Database design theory question

  • Hey all,

    Got a question regarding database design - specifically, regarding table design.

    I've recently joined a company who has a project involving the re-design of an application to manage their projects. After sifting through the application and database, I've concluded that the application is, in effect, the management of a giant set of key-value pairs.

    Currently, the database is set up in a conventional format - that is to say, tables with a set of columns representing their properties, and each row representing an instance of that element, with the values for the properties assigned to the columns. For the sake of this discussion, let's say we have a parent-child relationship set up, with four tables.

    Each of these four tables has a set of columns for their properties, and a key pointing to their parent element. One such table has around 50 columns, the others around 20 or so.

    One key element of this application though, is that there would regularly be new properties required for the tables. In the old version of this application, this entailed adding new columns to the tables, then updating the procedures and application code to reflect these new columns.

    The new version of the application is supposed to be designed in a way that would allow adding these properties in a more streamlined fashion. Unfortunately, somewhere along the design process, this concept was lost, and so the tables ended up with the same type of design structure as the old version.
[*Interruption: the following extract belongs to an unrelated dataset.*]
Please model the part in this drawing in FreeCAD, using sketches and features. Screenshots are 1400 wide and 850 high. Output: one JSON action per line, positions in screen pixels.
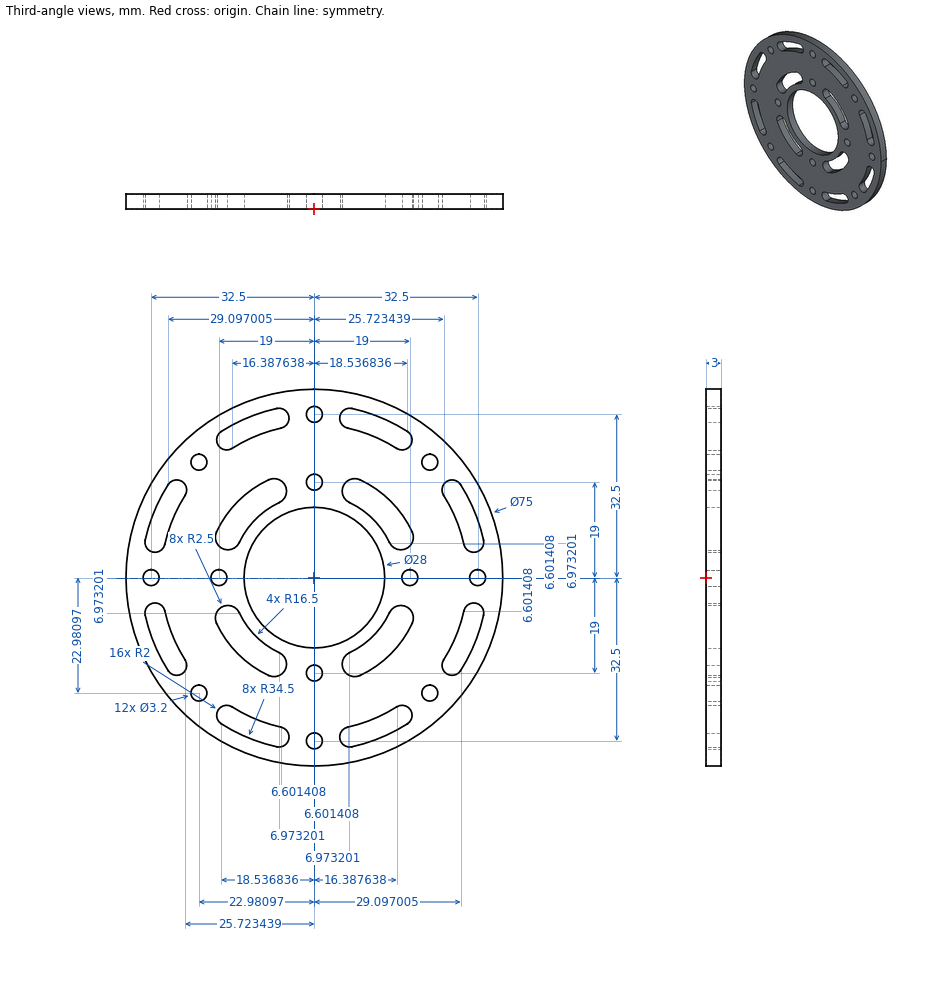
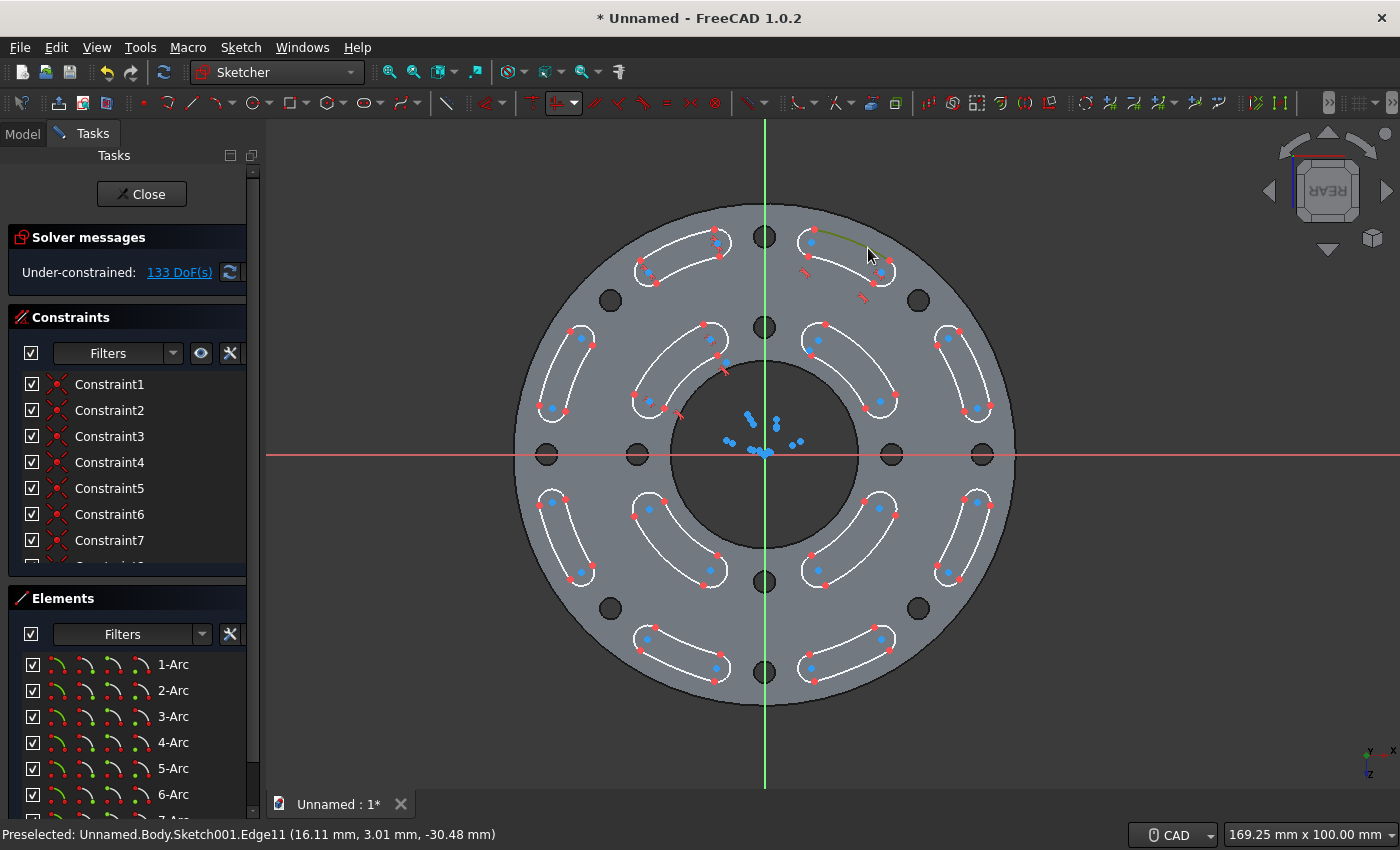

    This is where I come in. One of my mandates is to set the train straight, and try to fix this mistake. So, I've set up a new design structure, and I'd like some comments / critiques.

    Essentially what I've done is take their four-table, multi-column structure, and reduce it down to two tables. One table, which I'll call ObjectDefinition, contains a record for each property and each table. So, for example, there is a record in that table with the value "Table A". Then, there is a set of records representing Table A's properties, each of which has a ParentID property pointing back to the "Table A" record. This table also stores the details of what the type of the property is (EG: INT, VARCHAR, etc...).

    The second table, called ObjectValue, contains the actual values for these properties. So, for a single record in the original Table A, in the new structure, there is N + 1 records, where N represents the number of properties that Table A had.

    To me, this design made more sense, because if we needed new properties for Table A, all we needed to do was add a new record to the ObjectDefinition table, and then we could add or edit those records corresponding to the actual values of Table A, in the ObjectValue table.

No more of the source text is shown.